--- Task directions ---
The answer must be every line from the listing that holds the string "shiny".

--- Supplied data ---
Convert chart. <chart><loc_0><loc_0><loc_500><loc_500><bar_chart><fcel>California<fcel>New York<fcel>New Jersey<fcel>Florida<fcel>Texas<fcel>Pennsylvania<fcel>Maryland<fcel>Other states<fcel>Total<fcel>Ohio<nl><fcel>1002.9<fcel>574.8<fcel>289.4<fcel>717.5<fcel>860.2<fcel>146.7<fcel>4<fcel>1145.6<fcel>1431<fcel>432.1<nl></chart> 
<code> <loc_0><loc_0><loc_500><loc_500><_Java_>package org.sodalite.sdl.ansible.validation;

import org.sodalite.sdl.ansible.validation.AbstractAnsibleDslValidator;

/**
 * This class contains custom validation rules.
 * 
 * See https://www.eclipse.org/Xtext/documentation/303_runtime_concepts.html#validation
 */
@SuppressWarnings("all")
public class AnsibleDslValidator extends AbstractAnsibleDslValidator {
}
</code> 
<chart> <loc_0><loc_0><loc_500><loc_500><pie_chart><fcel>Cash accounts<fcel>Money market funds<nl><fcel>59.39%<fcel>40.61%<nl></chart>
--
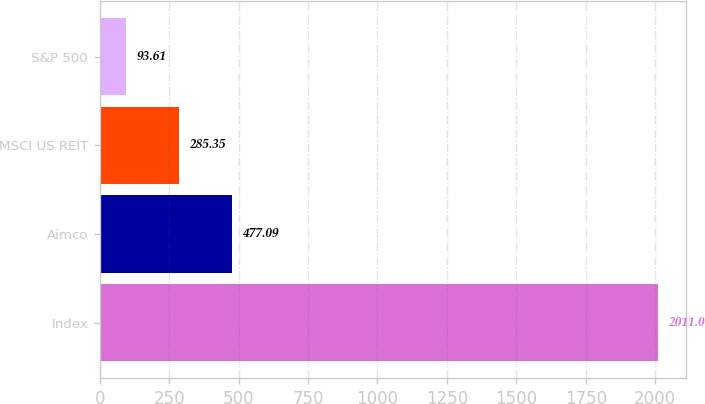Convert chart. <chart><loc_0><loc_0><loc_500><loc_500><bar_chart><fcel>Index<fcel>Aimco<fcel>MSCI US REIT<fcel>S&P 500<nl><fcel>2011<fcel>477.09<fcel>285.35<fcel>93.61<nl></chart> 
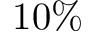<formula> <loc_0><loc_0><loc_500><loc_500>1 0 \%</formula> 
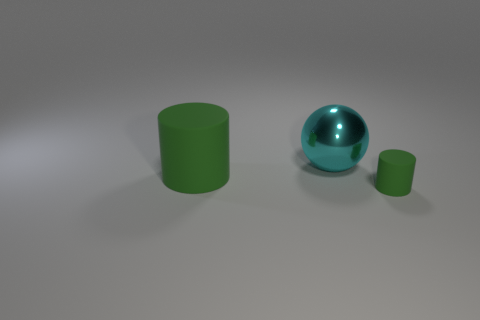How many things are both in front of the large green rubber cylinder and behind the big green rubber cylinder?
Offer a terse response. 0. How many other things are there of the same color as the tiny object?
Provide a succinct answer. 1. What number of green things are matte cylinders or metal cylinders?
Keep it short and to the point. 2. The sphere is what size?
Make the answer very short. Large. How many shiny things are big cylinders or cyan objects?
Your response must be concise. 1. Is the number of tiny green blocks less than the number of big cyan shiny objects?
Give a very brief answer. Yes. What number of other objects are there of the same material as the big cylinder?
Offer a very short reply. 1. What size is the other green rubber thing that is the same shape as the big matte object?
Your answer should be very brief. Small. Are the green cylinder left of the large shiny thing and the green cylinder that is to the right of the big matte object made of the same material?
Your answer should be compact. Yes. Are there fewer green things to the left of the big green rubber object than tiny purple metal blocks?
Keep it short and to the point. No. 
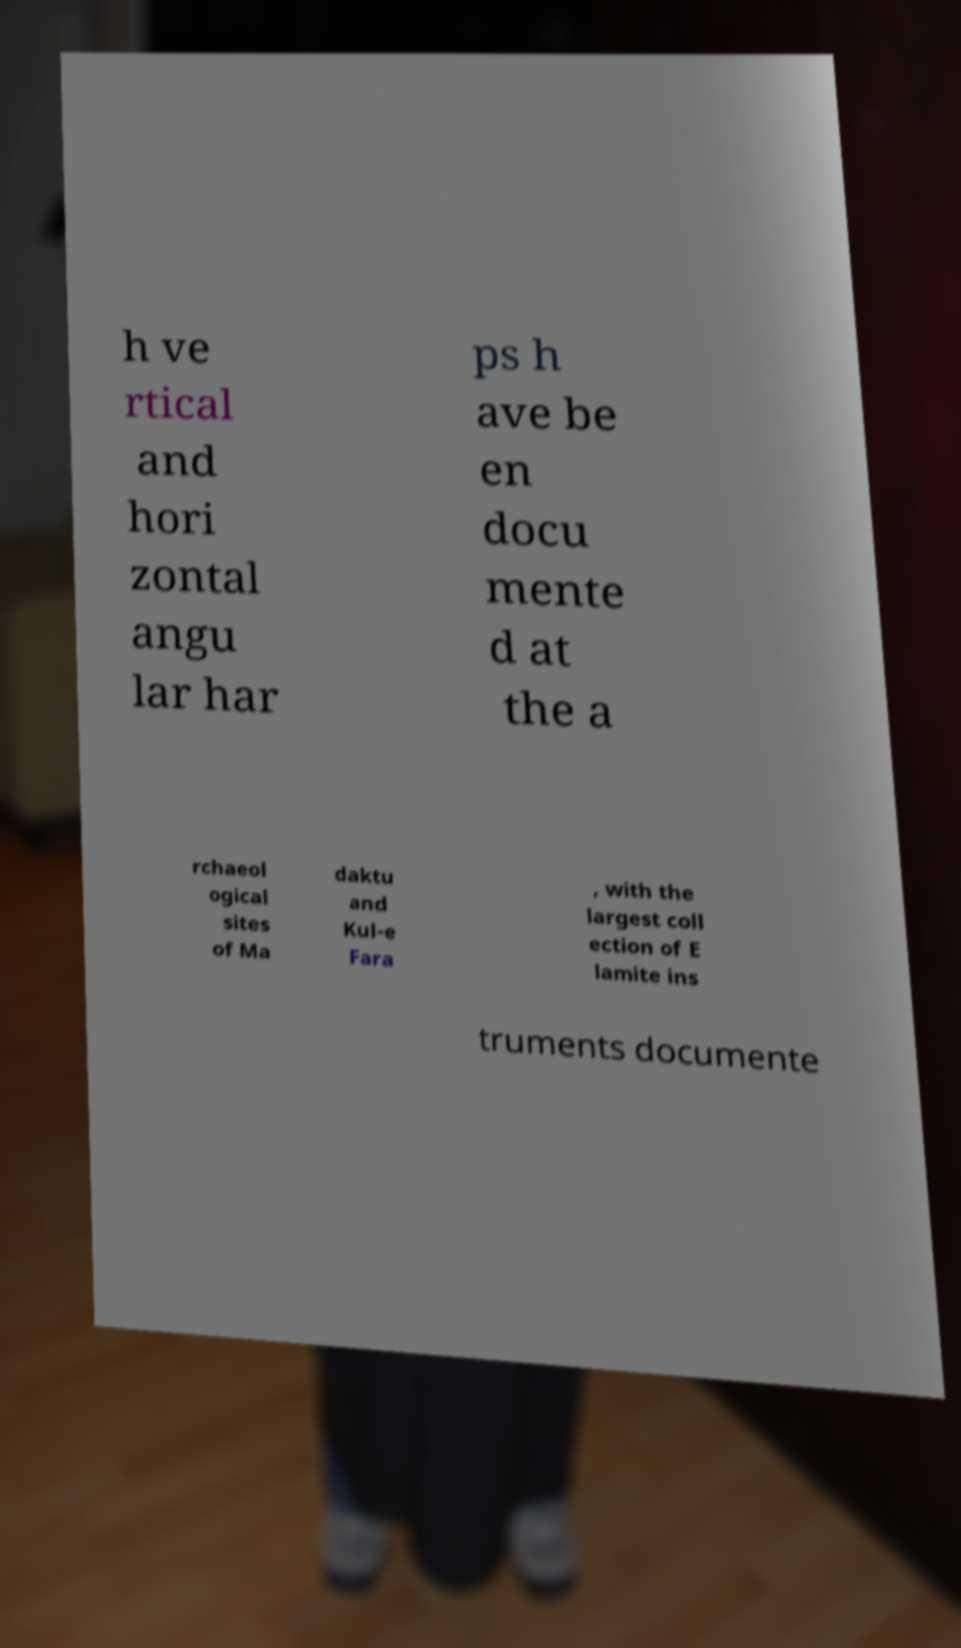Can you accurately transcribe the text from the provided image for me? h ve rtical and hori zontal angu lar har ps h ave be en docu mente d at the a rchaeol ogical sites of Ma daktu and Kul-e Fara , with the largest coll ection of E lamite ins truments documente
* * *
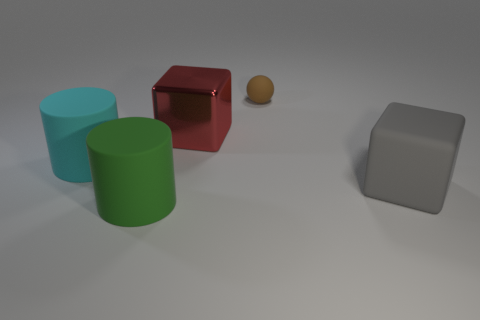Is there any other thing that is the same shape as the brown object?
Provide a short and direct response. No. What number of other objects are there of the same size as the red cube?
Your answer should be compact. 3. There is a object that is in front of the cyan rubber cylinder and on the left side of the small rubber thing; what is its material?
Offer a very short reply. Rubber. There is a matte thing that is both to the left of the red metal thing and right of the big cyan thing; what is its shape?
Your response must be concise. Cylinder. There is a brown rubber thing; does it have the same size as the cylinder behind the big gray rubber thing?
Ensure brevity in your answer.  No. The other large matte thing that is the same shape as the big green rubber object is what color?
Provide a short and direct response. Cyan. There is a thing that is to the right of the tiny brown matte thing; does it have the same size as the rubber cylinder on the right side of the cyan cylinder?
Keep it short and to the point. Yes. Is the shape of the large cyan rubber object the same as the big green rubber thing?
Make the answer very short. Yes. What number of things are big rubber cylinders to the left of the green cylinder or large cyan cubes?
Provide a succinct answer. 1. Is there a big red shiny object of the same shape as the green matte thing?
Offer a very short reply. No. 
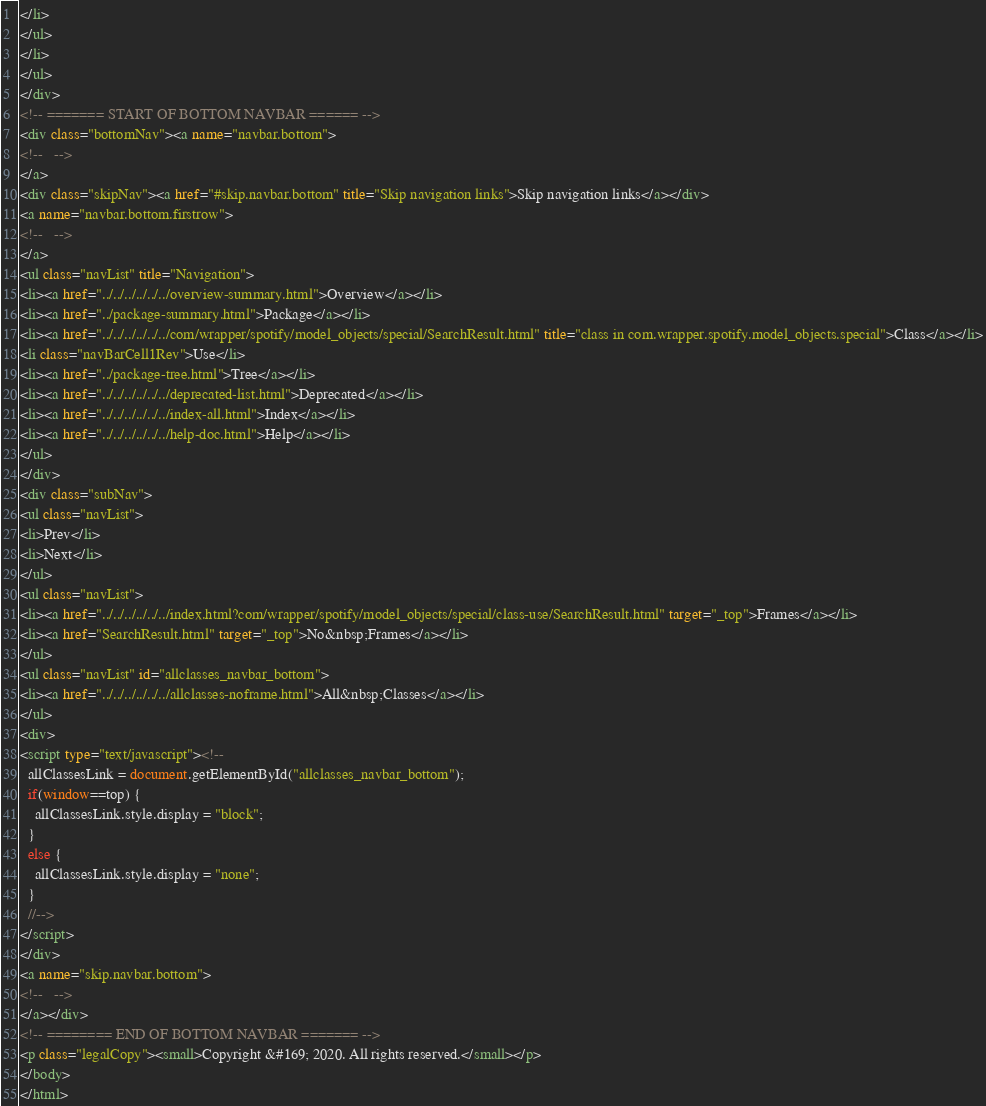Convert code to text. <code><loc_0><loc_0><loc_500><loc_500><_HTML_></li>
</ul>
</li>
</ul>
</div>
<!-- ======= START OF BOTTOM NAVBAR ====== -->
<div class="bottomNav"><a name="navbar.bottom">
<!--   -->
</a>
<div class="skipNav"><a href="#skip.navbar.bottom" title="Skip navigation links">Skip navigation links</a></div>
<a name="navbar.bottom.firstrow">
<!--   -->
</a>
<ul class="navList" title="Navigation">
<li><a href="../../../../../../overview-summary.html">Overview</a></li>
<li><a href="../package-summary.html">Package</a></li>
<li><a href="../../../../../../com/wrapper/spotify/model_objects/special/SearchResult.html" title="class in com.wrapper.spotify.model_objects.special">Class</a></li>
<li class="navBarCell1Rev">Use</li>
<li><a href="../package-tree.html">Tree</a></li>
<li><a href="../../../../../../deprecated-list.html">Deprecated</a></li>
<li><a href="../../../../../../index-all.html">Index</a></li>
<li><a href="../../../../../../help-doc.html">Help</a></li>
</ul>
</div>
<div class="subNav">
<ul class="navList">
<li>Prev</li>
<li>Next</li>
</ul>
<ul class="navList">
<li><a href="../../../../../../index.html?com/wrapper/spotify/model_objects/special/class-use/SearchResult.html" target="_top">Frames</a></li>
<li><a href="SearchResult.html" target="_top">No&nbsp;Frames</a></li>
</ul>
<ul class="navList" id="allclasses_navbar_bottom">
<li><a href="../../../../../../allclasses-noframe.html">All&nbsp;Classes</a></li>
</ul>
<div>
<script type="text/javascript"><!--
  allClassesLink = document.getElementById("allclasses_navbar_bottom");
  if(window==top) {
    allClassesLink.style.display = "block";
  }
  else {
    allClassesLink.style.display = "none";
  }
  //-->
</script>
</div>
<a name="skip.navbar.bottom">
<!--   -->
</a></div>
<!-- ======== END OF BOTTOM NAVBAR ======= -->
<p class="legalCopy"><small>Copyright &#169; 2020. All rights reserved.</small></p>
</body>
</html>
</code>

--- Task answer ---
Make the answer very short. Large. How many shiny things are big cylinders or cyan objects?
Your response must be concise. 1. Is the number of tiny green blocks less than the number of big cyan shiny objects?
Your answer should be very brief. Small. Are the green cylinder left of the large shiny thing and the green cylinder that is to the right of the big matte object made of the same material?
Provide a succinct answer. 1. Is there a big red shiny object of the same shape as the green matte thing?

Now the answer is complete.